I left him to his thoughts and stepped outside. The Paris air was still thick with tension, but the chaotic, angry energy of the mob was changing. It was becoming something else. Men were forming rough lines, listening to bellowed orders from Fournier's lieutenants. Others were being drilled in a nearby square by a stern-faced former sergeant under Lafayette's command. The chaos was getting a skeleton of order.

As I watched, I saw a woman at a market stall. She was tearing a long strip from her red apron. Next to her, a man tore a strip from a white linen sheet. Another man pulled the blue cockade from his hat and handed it to her. With nimble fingers, she began stitching the three colors together. Red and blue, the colors of Paris, with the royal white of the Bourbon monarchy held between them. The Tricolore.

It was a spontaneous, beautiful act of creation in the middle of all the destruction.

I walked over to the stall. The small group of people fell silent, looking at me with a mixture of awe and fear. The woman, her face smudged with dirt but her eyes clear, held up one of the simple, hand-stitched cockades. An offering.

I took it. The fabric was rough in my fingers. In front of everyone, I unpinned the golden Fleur-de-lis from my coat and pinned the simple, revolutionary cockade in its place.

The crowd saw it. A cheer went up, spreading from the market square down the street. It was a small thing, a piece of cloth. But symbols matter. In that moment, I wasn't the King of the Bourbon dynasty anymore. I was the King of the Tricolore.

Just as the sun began to set, a rider pushed his way through the crowd. It was Captain De La Tour, his face grim, his uniform immaculate despite the chaos. He had been quietly shadowing me, my loyal, one-man security detail.

"Your Majesty," he said, his voice a low, urgent murmur. "A message from our agents in Versailles. It's urgent."

My stomach tightened. "What is it?"

"The news from Paris," he said. "The fall of the Bastille, and... your presence here. It's been the final straw. They're running."

"Who's running?"

"The high nobility," De La Tour said, his eyes dark. "Hundreds of them. The Comte d'Artois's entire inner circle. Many of Provence's key allies. Military commanders, courtiers, financiers. They are packing their carriages, gathering their gold. They are fleeing Versailles. They are fleeing France."

I stared at him, the implications crashing down on me. This wasn't just a few cowards running away. This was a strategic retreat. An exodus of my most powerful, most ruthless enemies.

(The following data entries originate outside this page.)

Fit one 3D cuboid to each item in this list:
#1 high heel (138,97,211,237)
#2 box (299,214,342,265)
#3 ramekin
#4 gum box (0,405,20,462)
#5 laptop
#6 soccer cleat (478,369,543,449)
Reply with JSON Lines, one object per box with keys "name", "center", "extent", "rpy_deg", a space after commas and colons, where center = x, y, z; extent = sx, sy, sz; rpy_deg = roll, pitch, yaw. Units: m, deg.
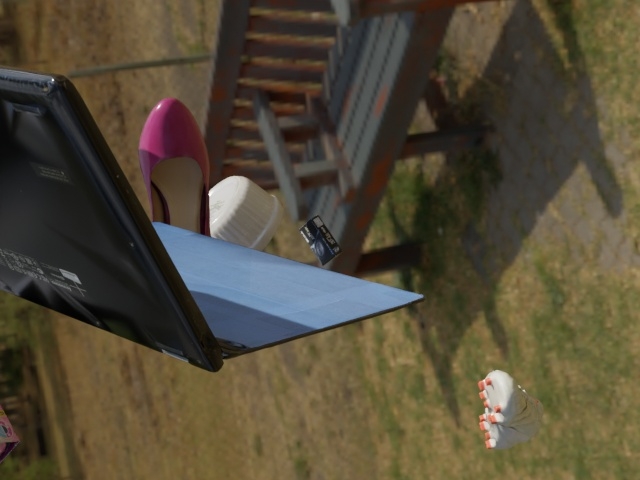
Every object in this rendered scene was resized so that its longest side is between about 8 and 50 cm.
{"name": "high heel", "center": [-0.237, -0.052, 1.900], "extent": [0.181, 0.127, 0.377], "rpy_deg": [-120, 22, -56]}
{"name": "box", "center": [0.000, 0.000, 2.012], "extent": [0.083, 0.018, 0.067], "rpy_deg": [57, 151, 3]}
{"name": "ramekin", "center": [-0.184, -0.036, 2.205], "extent": [0.109, 0.207, 0.207], "rpy_deg": [43, 177, -24]}
{"name": "gum box", "center": [-0.459, 0.260, 1.316], "extent": [0.188, 0.062, 0.107], "rpy_deg": [-47, 64, 21]}
{"name": "laptop", "center": [-0.172, -0.054, 0.935], "extent": [0.382, 0.236, 0.408], "rpy_deg": [14, 141, 38]}
{"name": "soccer cleat", "center": [0.236, 0.203, 1.325], "extent": [0.196, 0.076, 0.068], "rpy_deg": [77, 178, -61]}
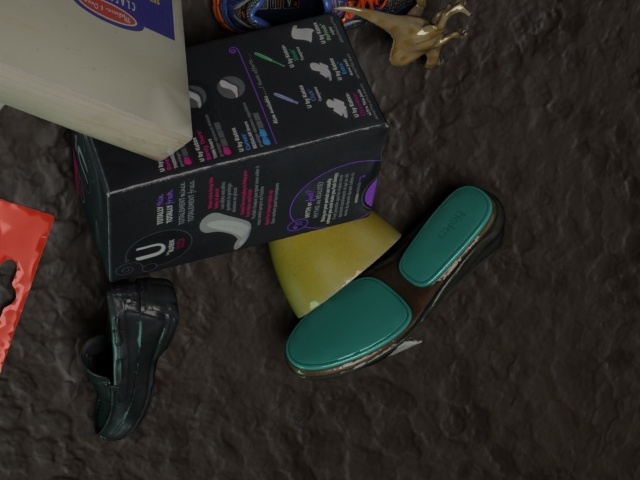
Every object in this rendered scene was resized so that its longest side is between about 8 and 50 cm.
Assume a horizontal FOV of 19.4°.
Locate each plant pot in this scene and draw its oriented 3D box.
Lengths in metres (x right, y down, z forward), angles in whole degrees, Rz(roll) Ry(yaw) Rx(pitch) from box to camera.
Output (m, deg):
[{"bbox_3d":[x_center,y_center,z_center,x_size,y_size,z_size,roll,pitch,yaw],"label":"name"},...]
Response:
[{"bbox_3d":[0.000,0.000,1.884,0.134,0.134,0.095,-40,92,-3],"label":"plant pot"}]

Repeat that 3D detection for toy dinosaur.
[{"bbox_3d":[0.097,-0.208,1.826,0.092,0.053,0.183,-45,149,14],"label":"toy dinosaur"}]

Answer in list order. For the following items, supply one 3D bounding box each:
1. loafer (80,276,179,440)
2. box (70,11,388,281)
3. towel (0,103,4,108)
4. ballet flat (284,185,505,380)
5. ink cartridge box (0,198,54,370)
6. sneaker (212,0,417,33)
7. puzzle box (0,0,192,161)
[{"bbox_3d":[-0.199,0.117,1.841,0.078,0.076,0.223,2,137,-20],"label":"loafer"},{"bbox_3d":[-0.091,-0.088,1.771,0.270,0.143,0.165,-15,151,-15],"label":"box"},{"bbox_3d":[-0.362,-0.165,1.682,0.282,0.049,0.187,-52,135,-14],"label":"towel"},{"bbox_3d":[0.088,0.061,1.941,0.280,0.095,0.096,-39,149,-6],"label":"ballet flat"},{"bbox_3d":[-0.387,0.032,1.788,0.232,0.066,0.189,18,97,-19],"label":"ink cartridge box"},{"bbox_3d":[0.010,-0.232,1.821,0.221,0.087,0.083,-14,112,-14],"label":"sneaker"},{"bbox_3d":[-0.286,-0.245,1.584,0.409,0.272,0.052,21,139,-38],"label":"puzzle box"}]
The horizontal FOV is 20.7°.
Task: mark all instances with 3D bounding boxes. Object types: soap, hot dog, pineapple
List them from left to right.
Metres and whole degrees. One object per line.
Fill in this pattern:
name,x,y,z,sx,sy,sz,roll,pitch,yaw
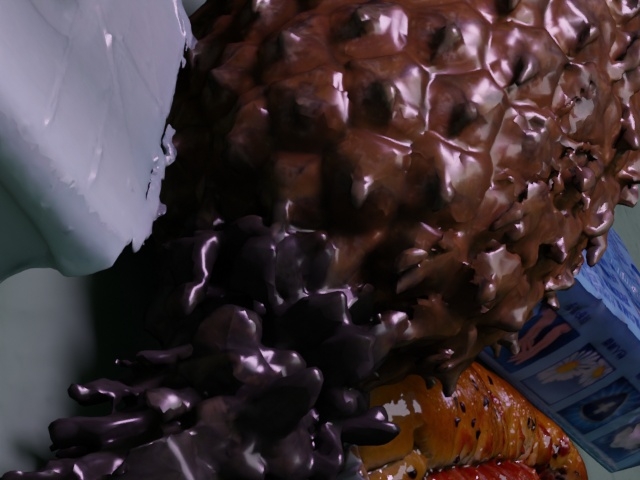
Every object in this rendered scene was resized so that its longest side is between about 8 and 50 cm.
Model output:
soap,-0.139,-0.111,0.511,0.261,0.094,0.150,55,31,-33
pineapple,0.000,0.000,0.668,0.202,0.202,0.362,58,47,-29
hot dog,0.067,0.121,0.821,0.268,0.075,0.144,19,56,-60
soap,0.118,0.019,0.952,0.293,0.077,0.156,41,22,-50
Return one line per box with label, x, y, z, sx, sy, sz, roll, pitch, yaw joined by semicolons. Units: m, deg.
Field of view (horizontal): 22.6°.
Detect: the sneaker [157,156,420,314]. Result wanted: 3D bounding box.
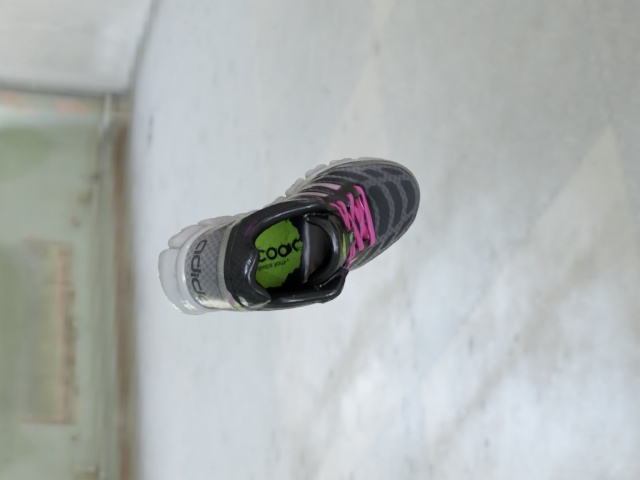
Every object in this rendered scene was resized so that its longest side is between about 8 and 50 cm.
sneaker;0.000;0.000;0.858;0.074;0.170;0.063;7;113;51
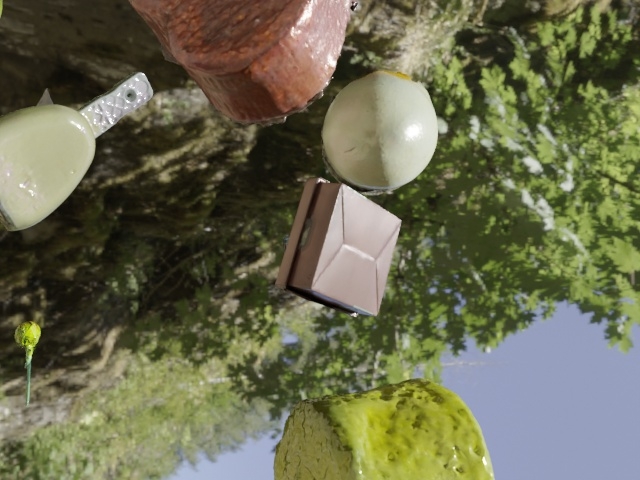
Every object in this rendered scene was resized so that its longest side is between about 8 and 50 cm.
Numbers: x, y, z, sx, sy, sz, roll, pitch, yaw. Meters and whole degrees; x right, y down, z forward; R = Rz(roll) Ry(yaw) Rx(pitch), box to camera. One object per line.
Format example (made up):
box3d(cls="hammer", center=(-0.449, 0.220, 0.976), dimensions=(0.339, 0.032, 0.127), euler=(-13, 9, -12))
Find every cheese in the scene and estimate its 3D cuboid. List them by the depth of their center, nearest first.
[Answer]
box3d(cls="cheese", center=(-0.228, -0.095, 0.624), dimensions=(0.038, 0.192, 0.097), euler=(18, -39, 40))

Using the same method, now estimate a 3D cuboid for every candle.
box3d(cls="candle", center=(-0.074, -0.303, 0.796), dimensions=(0.287, 0.131, 0.317), euler=(-36, -124, 0))

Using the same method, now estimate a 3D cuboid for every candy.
box3d(cls="candy", center=(-0.422, 0.176, 0.987), dimensions=(0.035, 0.035, 0.122), euler=(-27, -115, 42))

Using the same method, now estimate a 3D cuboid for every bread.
box3d(cls="bread", center=(0.103, 0.417, 1.202), dimensions=(0.348, 0.308, 0.347), euler=(-13, -106, 56))

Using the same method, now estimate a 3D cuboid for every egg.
box3d(cls="egg", center=(0.155, -0.237, 1.497), dimensions=(0.264, 0.287, 0.174), euler=(66, -17, -12))

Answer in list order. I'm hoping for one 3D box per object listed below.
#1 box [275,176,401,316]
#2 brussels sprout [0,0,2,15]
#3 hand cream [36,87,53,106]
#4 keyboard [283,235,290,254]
box3d(cls="box", center=(0.041, 0.020, 1.269), dimensions=(0.086, 0.215, 0.215), euler=(6, -105, 44))
box3d(cls="brussels sprout", center=(-0.377, -0.238, 0.567), dimensions=(0.223, 0.223, 0.161), euler=(-43, -146, 48))
box3d(cls="hand cream", center=(-0.296, -0.106, 0.728), dimensions=(0.142, 0.053, 0.084), euler=(47, -56, 54))
box3d(cls="keyboard", center=(0.000, 0.000, 1.536), dimensions=(0.014, 0.176, 0.055), euler=(-133, -143, -51))
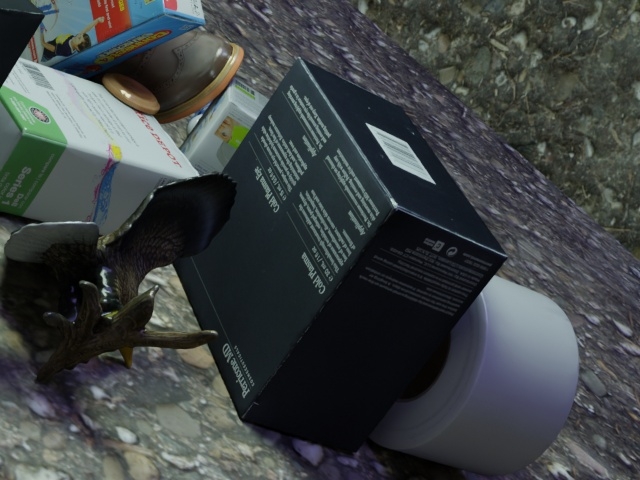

They weren't just escaping. They were going to regroup. To meet with my brother Artois in exile. To plead their case to the other kings of Europe, painting me as a captive radical, a traitor to my class.

"They are going to incite a foreign invasion," I whispered, the words tasting like ash in my mouth.

At that moment, Fournier and Lafayette returned to the tavern. Fournier overheard my last words. He slammed his massive fist on a nearby table, his eyes burning with a cold fire.

"Good," he growled, a predatory smile spreading across his face. "Let them run. We'll audit their estates when they're gone. Seize everything they own for the Nation."

I was caught. Trapped between two new, impossible choices. Let my enemies escape to build an army to destroy me from the outside, or unleash Fournier and his new National Guard in a wave of property seizures that would be seen as pure theft, horrifying the rest of Europe and making a foreign war absolutely inevitable.

The audit was no longer just about Paris. The revolution was about to go international.